With the welcomed increase in treatment options that we now have in the field of pulmonary hypertension (PH), it is important that our commitment to patients includes going beyond patient education and a presentation of benefits and risks to make sure we reach consensus on the choice of treatment. As health professionals we are increasingly encouraged to involve patients in their treatment decisions, recognizing them as experts with unique knowledge of their own preferences based on their values and willingness to comply.1 In fact, noncompliance is less likely if both parties decide together which treatment is best and move forward with it. However, finding ways to elicit patients' preferences can be a considerable challenge. Physician bias or time constraints may influence how and to what degree these preferences are elicited, and many physicians wish to retain the imbalance of power between themselves and their patients, thus causing patients to be reluctant to share their preferences if they regard their doctor as more powerful.2 Now that we have multiple treatment options, what are the best ways to promote shared decision making?

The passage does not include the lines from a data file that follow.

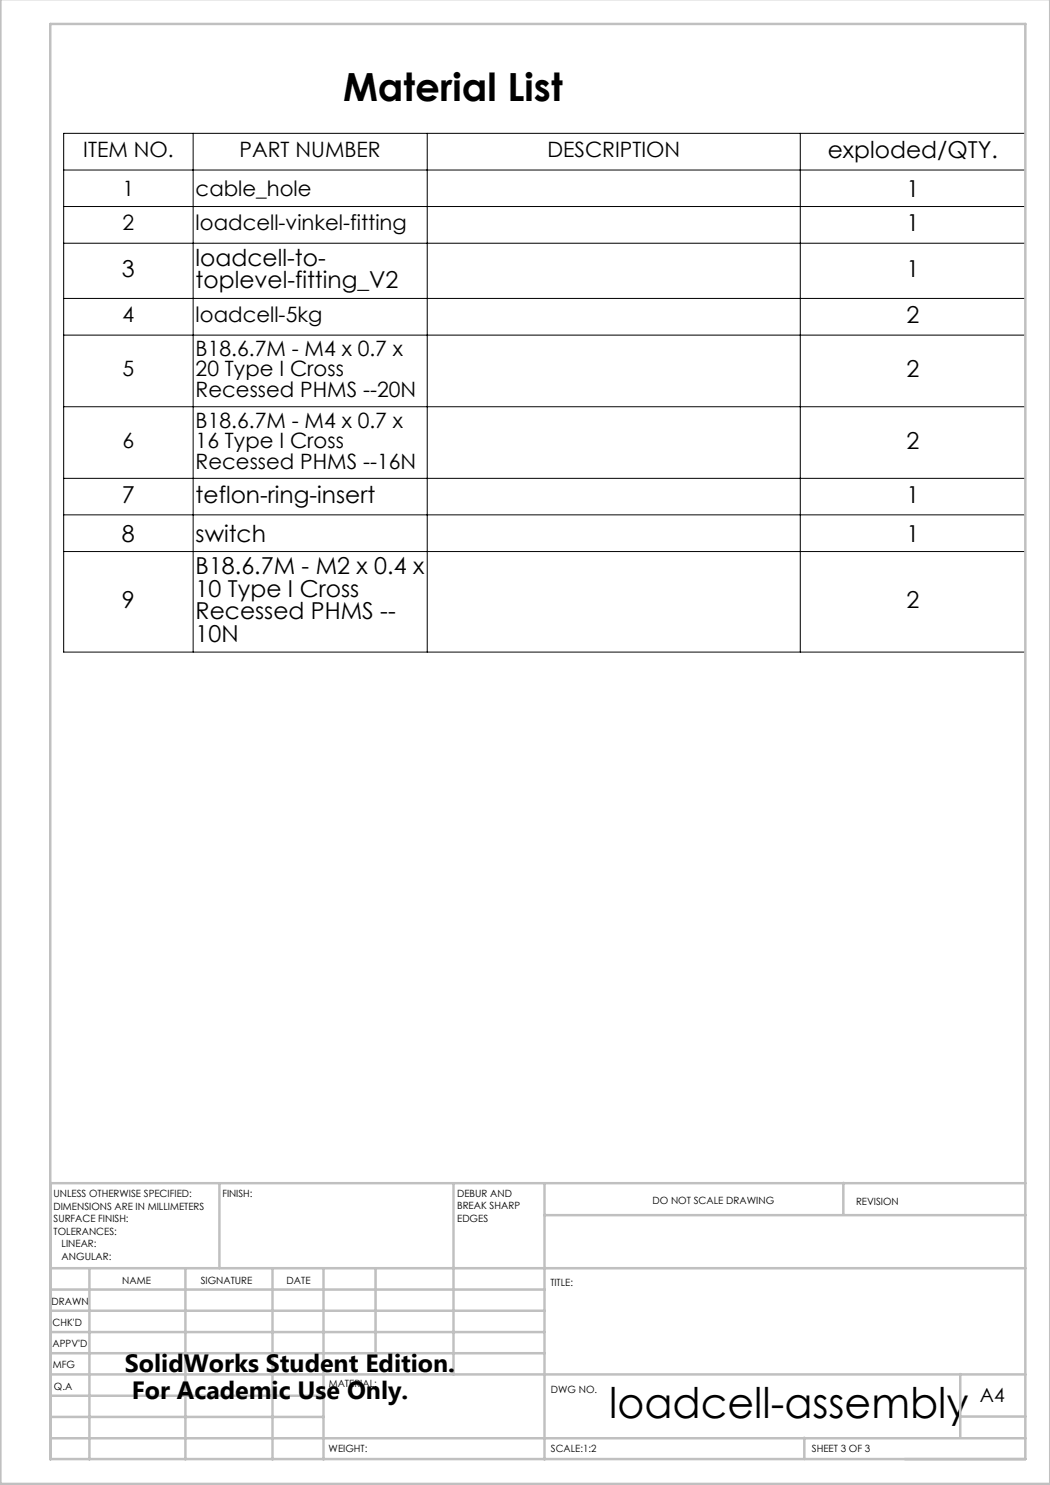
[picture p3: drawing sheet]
<svg xmlns="http://www.w3.org/2000/svg" width="210mm" height="297mm" viewBox="0 0 210 297" stroke-linecap="round" stroke-linejoin="round" font-family="sans-serif">
<defs><g id="words">
<text font-size="8.5" x="121.8" y="283.5">loadcell-assembly</text>
<text font-size="7.8" x="68.6" y="20.2">Material List</text>
<g font-size="5">
<text x="25" y="274.4">SolidWorks Student Edition.</text>
<text x="26.4" y="279.9">For Academic Use Only.</text>
</g>
<g font-size="4.7">
<text x="165.6" y="31.6">exploded/QTY.</text>
<text x="181.3" y="39.3">1</text>
<text x="181.3" y="46.2">1</text>
<text x="39.1" y="53.1">loadcell-to-</text>
<text x="24.4" y="55.4">3</text>
<text x="39.1" y="57.7">toplevel-fitting_V2</text>
<text x="181.3" y="55.4">1</text>
<text x="181.3" y="64.6">2</text>
<text x="181.3" y="75.4">2</text>
<text x="181.3" y="89.7">2</text>
<text x="24.4" y="100.6">7</text>
<text x="39.1" y="100.6">teflon-ring-insert</text>
<text x="181.3" y="100.6">1</text>
<text x="24.4" y="108.3">8</text>
<text x="39.1" y="108.3">switch</text>
<text x="181.3" y="108.3">1</text>
<text x="39.1" y="114.8">B18.6.7M - M2 x 0.4 x</text>
<text x="39.1" y="119.3">10 Type I Cross</text>
<text x="24.4" y="121.6">9</text>
<text x="39.1" y="123.9">Recessed PHMS --</text>
<text x="181.3" y="121.6">2</text>
<text x="39.1" y="128.4">10N</text>
</g>
<g font-size="4.2">
<text x="16.7" y="31.4">ITEM NO.</text>
<text x="47.9" y="31.4">PART NUMBER</text>
<text x="109.5" y="31.4">DESCRIPTION</text>
<text x="24.5" y="39.2">1</text>
<text x="39.1" y="39.2">cable_hole</text>
<text x="24.5" y="46.1">2</text>
<text x="39.1" y="46.1">loadcell-vinkel-fitting</text>
<text x="24.5" y="64.5">4</text>
<text x="39.1" y="64.5">loadcell-5kg</text>
<text x="39.1" y="71.2">B18.6.7M - M4 x 0.7 x</text>
<text x="24.5" y="75.3">5</text>
<text x="39.1" y="75.3">20 Type I Cross</text>
<text x="39.1" y="79.4">Recessed PHMS --20N</text>
<text x="24.5" y="89.6">6</text>
<text x="39.1" y="85.5">B18.6.7M - M4 x 0.7 x</text>
<text x="39.1" y="89.6">16 Type I Cross</text>
<text x="39.1" y="93.7">Recessed PHMS --16N</text>
</g>
<text font-size="3.9" x="196" y="280.4">A4</text>
<g font-size="2">
<text x="10.7" y="239.5">UNLESS OTHERWISE SPECIFIED:</text>
<text x="44.5" y="239.5">FINISH:</text>
<text x="91.4" y="239.4">DEBUR AND</text>
<text x="10.7" y="242">DIMENSIONS ARE IN MILLIMETERS</text>
<text x="10.7" y="244.5">SURFACE FINISH:</text>
<text x="91.4" y="241.9">BREAK SHARP</text>
<text x="91.4" y="244.4">EDGES</text>
<text x="130.5" y="240.8">DO NOT SCALE DRAWING</text>
<text x="171.2" y="241">REVISION</text>
<text x="10.7" y="247">TOLERANCES:</text>
<text x="12.3" y="249.5">LINEAR:</text>
<text x="12.3" y="252">ANGULAR:</text>
<text x="24.4" y="256.9">NAME</text>
<text x="40.1" y="256.8">SIGNATURE</text>
<text x="57.3" y="256.8">DATE</text>
<text x="110.1" y="257.1">TITLE:</text>
<text x="10.3" y="260.9">DRAWN</text>
<text x="10.5" y="269.3">APPV'D</text>
<text x="10.5" y="265.2">CHK'D</text>
<text x="10.6" y="273.6">MFG</text>
<text x="10.8" y="278">Q.A</text>
<text x="65.8" y="277.4">MATERIAL:</text>
<text x="110.2" y="278.5">DWG NO.</text>
<text x="65.7" y="290.4">WEIGHT:</text>
<text x="110.2" y="290.5">SCALE:1:2</text>
<text x="162.4" y="290.4">SHEET 3 OF 3</text>
</g>
</g></defs>
<g fill="none" stroke="#000" stroke-width=".2">
<path d="M12.7 26.7h192.4v103.7h-192.4zM12.7 34h192.4M38.6 26.7v103.7M85.4 26.7v103.7M160.1 26.7v103.7M12.7 41.3h192.4M12.7 48.6h192.4M12.7 59.7h192.4M12.7 67h192.4M12.7 81.3h192.4M12.7 95.7h192.4M12.7 103h192.4"/>
<path d="M12.7 110.3h192.4"/>
</g>
<g fill="none" stroke="#c0c0c0" stroke-width=".5">
<path d="M.1 -.1v296.9h209.9v-296.9M10.1 4.8h195v287h-195zM43.9 236.6v17M90.7 236.6v38.3M108.9 236.6v55.3M168.7 236.6v6.3M205.1 236.6h-195v55.3M10.1 253.6h195M10.1 257.9h98.8M17.9 253.6v38.3M37.1 253.6v38.3M54.5 253.6v38.3"/>
<path d="M64.7 253.6v38.3M75.1 253.6v17M108.9 243h96.2M10.1 270.6h98.8M10.1 266.4h98.8M10.1 262.1h98.8M10.1 279.1h54.6M10.1 274.9h195M192.1 274.8v12.7M10.1 287.7h195M10.1 283.4h54.6M160.9 287.5v4.3"/>
<path d="M192.1 283.3h13"/>
</g>
<use href="#words"/>
</svg>

Since the president's commission first coined the term “shared decision making” over 30 years ago, the concept has become an ethical ideal.3 This concept goes beyond simply informing the patient of the risks and benefits of therapy options and then making recommendations, but rather goes further by assisting the patient in becoming dynamically involved in the decision process and, ultimately, the outcome.4 One common example of such a treatment decision would be whether the patient should initiate intravenous or subcutaneous prostacyclin for functional class III pulmonary arterial hypertension (PAH). How do we facilitate a final decision that would satisfy both the clinicians and patient? What would happen if the patient prefers to start with the nebulized form of prostacyclin despite progressive symptoms rather than an intravenous formulation recommended by the physician and/or team? These can be daunting decisions encountered repeatedly in practice. In such situations, the stresses of the patient's clinical status as well as information overload may influence the ability of that patient to take an active role in choosing the best long-term therapy option. Compliance may also become an issue if he/she did not take an active role in the treatment decision. Another scenario would be a conflict between what the patient wants and what a family member expects. A clue to this issue, termed “decisional dilemma,” may be when the patient asks caregivers, “what would you do?” This dilemma can be even more concerning while obtaining informed consent for participation in a clinical drug trial.
How a physician makes a decision and how a patient and his/her family decide on a treatment can be accomplished through different approaches.5 Clinicians rely on utility theory or statistics to analyze best outcomes. The best example of this is the current evidence-based treatment algorithms derived from 15 years of clinical trials.6 These are also based on a consensus within the PH medical community and identified as core principles within our practice. On the other hand, patients and family members are more likely to use the information-processing theory, focusing on cognitive and affective variables integrating their values and preferences. One way in which we as team members can bridge this gap of utility theory vs information processing is by using a patient decision aid. Decision aids or tools help the patient become an informed participant and assist in reaching decisions in line with the patient's values, preferences, and life goals while taking into consideration the information provided by the physician.7 Over the last decade empirical research examining the importance of “shared decision making” has fueled increased interest in shifting it from ethical ideal to actual practice by a growing movement of developing and standardizing decision aids.8
The Ottawa Personal Decision Guide (OPDG), devised by O'Connor, Stacey, and Jacobson at the Ottawa Hospital Research Institute, is useful in assisting the decision-making process for patients with PH who are deciding on options for lifelong therapies. The OPDG (Figure 1) helps the patient delineate options and asks him/her to place personal weights on benefits and risks. In addition, the OPDG further assists the patient in clarifying personal values and support systems. This tool should be used as a complement, rather than a replacement, for counseling and discussions with the medical team. It can be an excellent option for patients who need assistance identifying the best treatment option. Since it is interactive and available in 4 languages, it is easy to use and applicable to a varied group. The patient can use this tool to focus on knowledge (needed facts and possible questions), values (what matters most), and supports (financial, opinions, pressures). Once completed, it can then be printed and brought to the clinic as a catalyst for an open discussion with the PH team.
Ottawa Patient Decision Tool. Reprinted with permission from the Ottawa Hospital Research Institute Clinical Epidemiology Program Patient Decision Aid Research Group.
Information alone, however, is not always sufficient for patients in making such an important decision. Providing information to the patient should only be a prerequisite for assistance in making the best choice for lifelong treatment. All parties must contribute to the treatment decision for the process to be shared. The use of a decisional aid such as the OPDG is just one way in which we can facilitate information and preference sharing leading to a focused discussion. The imaginative use of available decision aids together with our evidence-based treatment algorithms and risk assessments generated from clinical trials and registries keep us in the mainstream of health care. We must realize that shared decision making is not an illusion but rather another way that we can work collaboratively with our patients to achieve the best outcomes. As members of the PH Resource Network, we must work together with our physician colleagues to find timely and cost-effective ways to meet this challenge.